For forty years DTW has provided a standard of dance programming that is nearly unmatched. Consistently bringing in fresh talent from around the city and the globe while presenting established artists - DTW's Fall and Spring programs are incredibly rich and varied. DTW also offers far more than main stage performances - a studio series, Family Matters series, lobby talks, and artists resources are all apart of the package. 



The Kitchen

The Kitchen has been presenting avant-garde work to New Yorkers since its inception as an artists collective in 1971. I've never been to the Kitchen without feeling profoundly challenged by the work I see there and their mixed programming of music, dance, theater, and film and gallery pull visitors from their usual genre of interest into the larger world of contemporary art in New York. The performance space is fairly large and hugely adaptable - perfect for dance works in which the audience/performer relationship is questioned.

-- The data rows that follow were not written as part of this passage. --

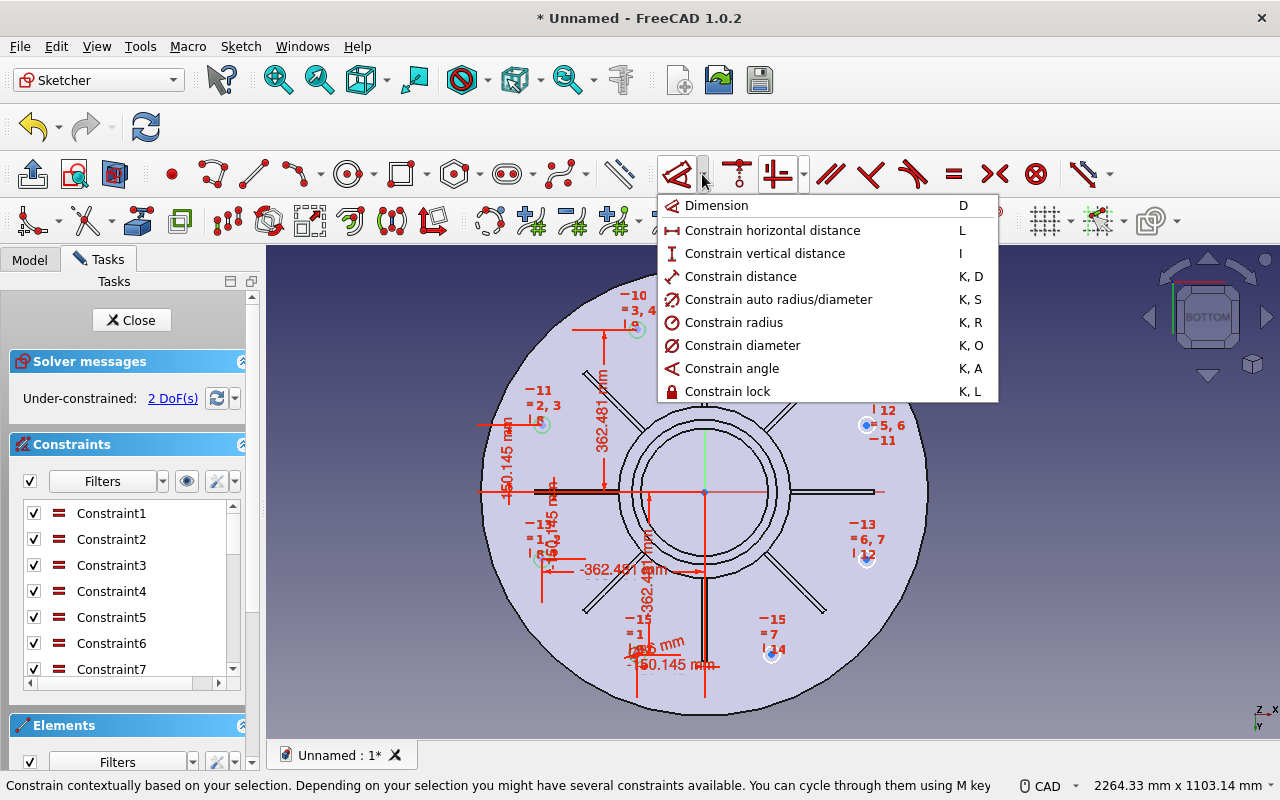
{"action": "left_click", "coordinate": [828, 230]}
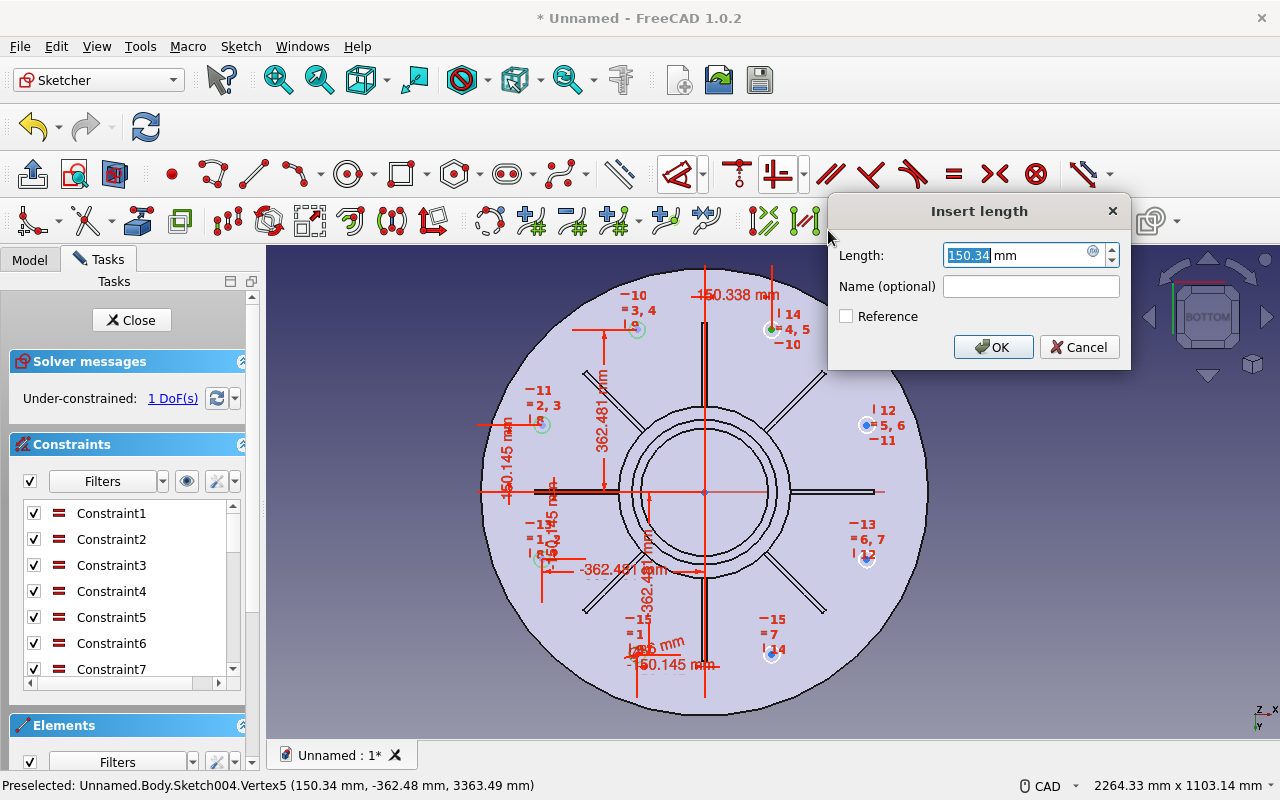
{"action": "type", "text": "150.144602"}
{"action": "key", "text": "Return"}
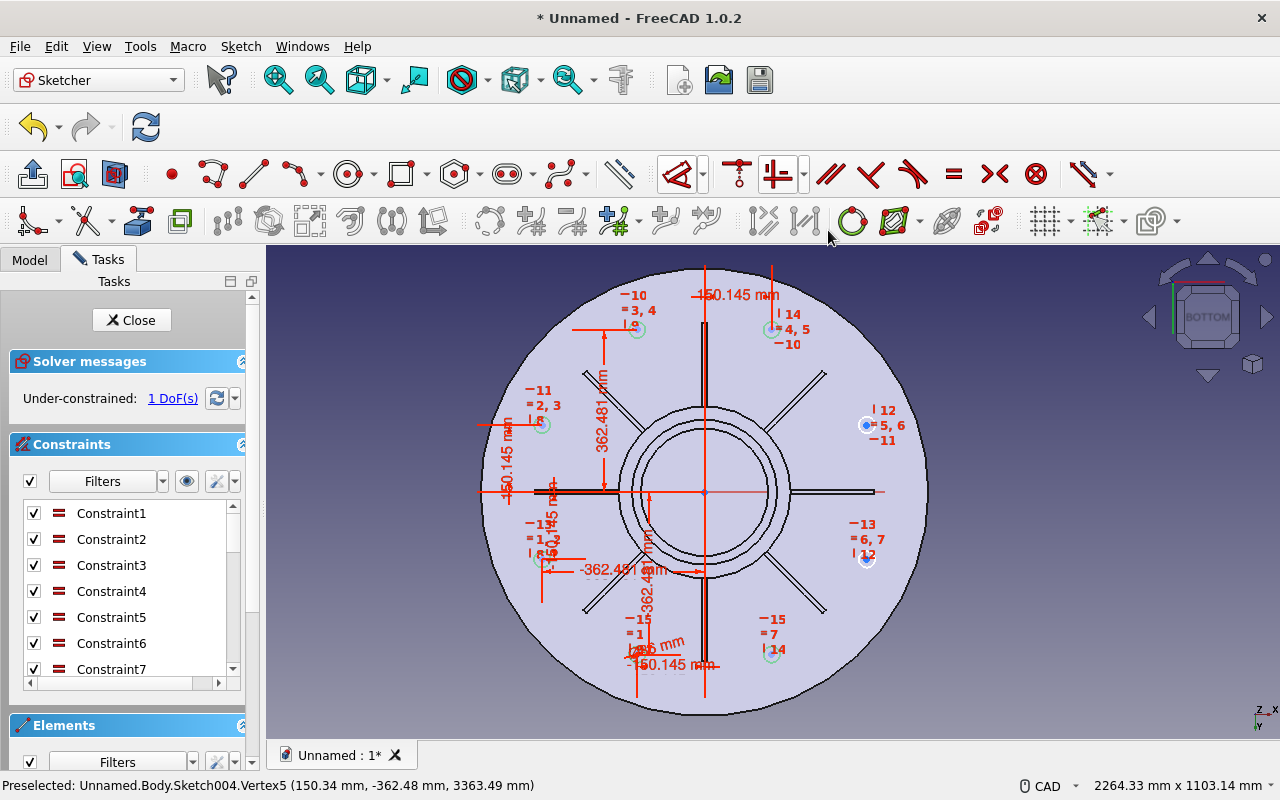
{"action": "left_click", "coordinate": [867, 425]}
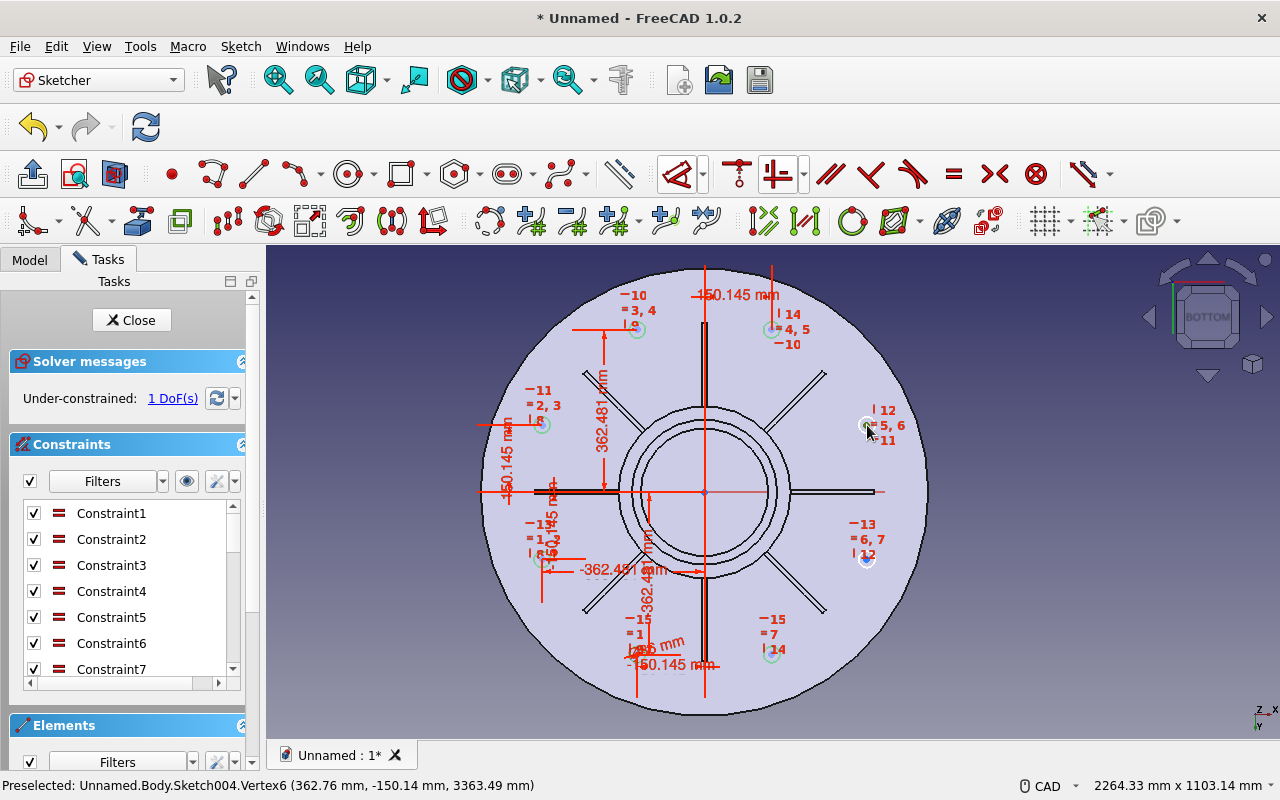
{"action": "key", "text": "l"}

Monday Nights at Judson Church - Movement Research Performance Series

These free, weekly shows are an excellent survey of the new artists currently creating dance work of all kinds. Performances are varied and a wonderful way to introduce oneself to new talent. Judson Church and its long connection to the dance scene in New York is the perfect space for a series that presents such fresh inventive dance.



Danspace Project

Also located in a church sanctuary, and also focusing on innovation and new talent, Danspace Project at St. Mark's Church affords artists a chance to present evening length works in one of the city's most inspiring spaces. Unlike Movement Research at Judson Church, audiences are more likely to encounter the "finished product" rather than a work in progress, yet an emphasis on experimentation still remains. 



Brooklyn Academy of Music

Like the Kitchen, BAM (as it is so lovingly known) has provided a steady fare of theater, music, art, film, and dance since the 1960's. Often companies presented here are of the more established variety - the companies of Bill T. Jones, Trisha Brown, and Merce Cunningham have all made appearances here within the last year. Yet true to their mission of promoting the avant-garde BAM's Next Wave festival often features dance companies from around the world who have arrived upon the scene more recently. While BAMs theater spaces are more of the proscenium variety - and thus not always ideal for dance (in case these spaces haven't tipped anyone off already, I'm a strong believer in the black box concept) there is something incredibly, satisfyingly lush about the Harvey Lichtenstein Theater even when one is seated in the second balcony.



While these are my absolute favorite places to see dance - the places I use to guide me to new artists and that I return to again and again - the following joints aren't so bad either: 


The Joyce Theater (see also Joyce Soho)



City Center (especially during Fall for Dance) 



PS 122 this place really belongs on the original list, but as I have only seen one performance there (its a dark spot in my dance going career) it has yet to completely secure a spot in my heart. 



The Chocolate Factory (a new space with much promise in Long Island City)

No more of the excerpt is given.